___ Provided material
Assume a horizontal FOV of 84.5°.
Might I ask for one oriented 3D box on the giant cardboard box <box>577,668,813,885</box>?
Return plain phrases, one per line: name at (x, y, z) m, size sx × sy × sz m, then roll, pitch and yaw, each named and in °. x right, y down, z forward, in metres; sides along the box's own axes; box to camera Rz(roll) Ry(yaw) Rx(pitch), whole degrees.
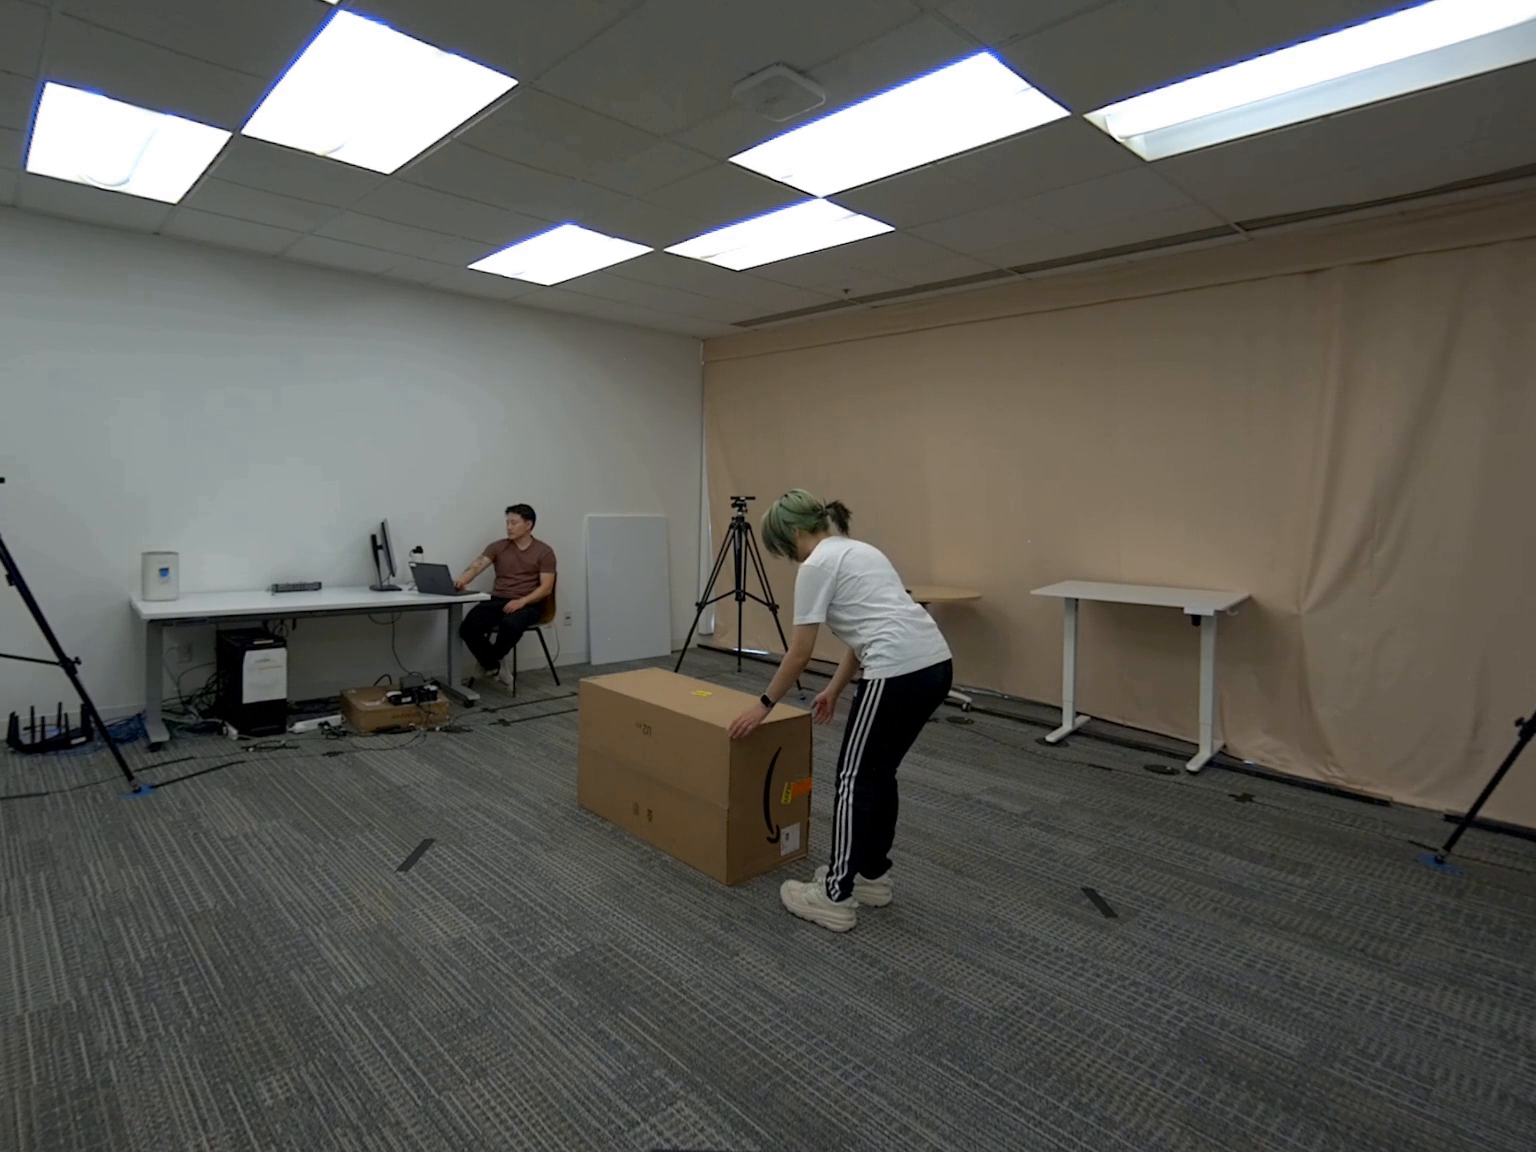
giant cardboard box at (-0.346, 0.775, 3.514) m, size 0.436 × 0.582 × 1.054 m, roll -1°, pitch 5°, yaw -43°
______
Your task:
Omit the pictures, then output the rest of the listing exactly.

Reply:
Assume a horizontal FOV of 84.5°.
Might I ask for one oriented 3D box on the giant cardboard box <box>577,668,813,885</box>?
Return plain phrases, one per line: name at (x, y, z) m, size sx × sy × sz m, then roll, pitch and yaw, each named and in °. x right, y down, z forward, in metres; sides along the box's own axes; box to camera Rz(roll) Ry(yaw) Rx(pitch), whole degrees.
giant cardboard box at (-0.346, 0.775, 3.514) m, size 0.436 × 0.582 × 1.054 m, roll -1°, pitch 5°, yaw -43°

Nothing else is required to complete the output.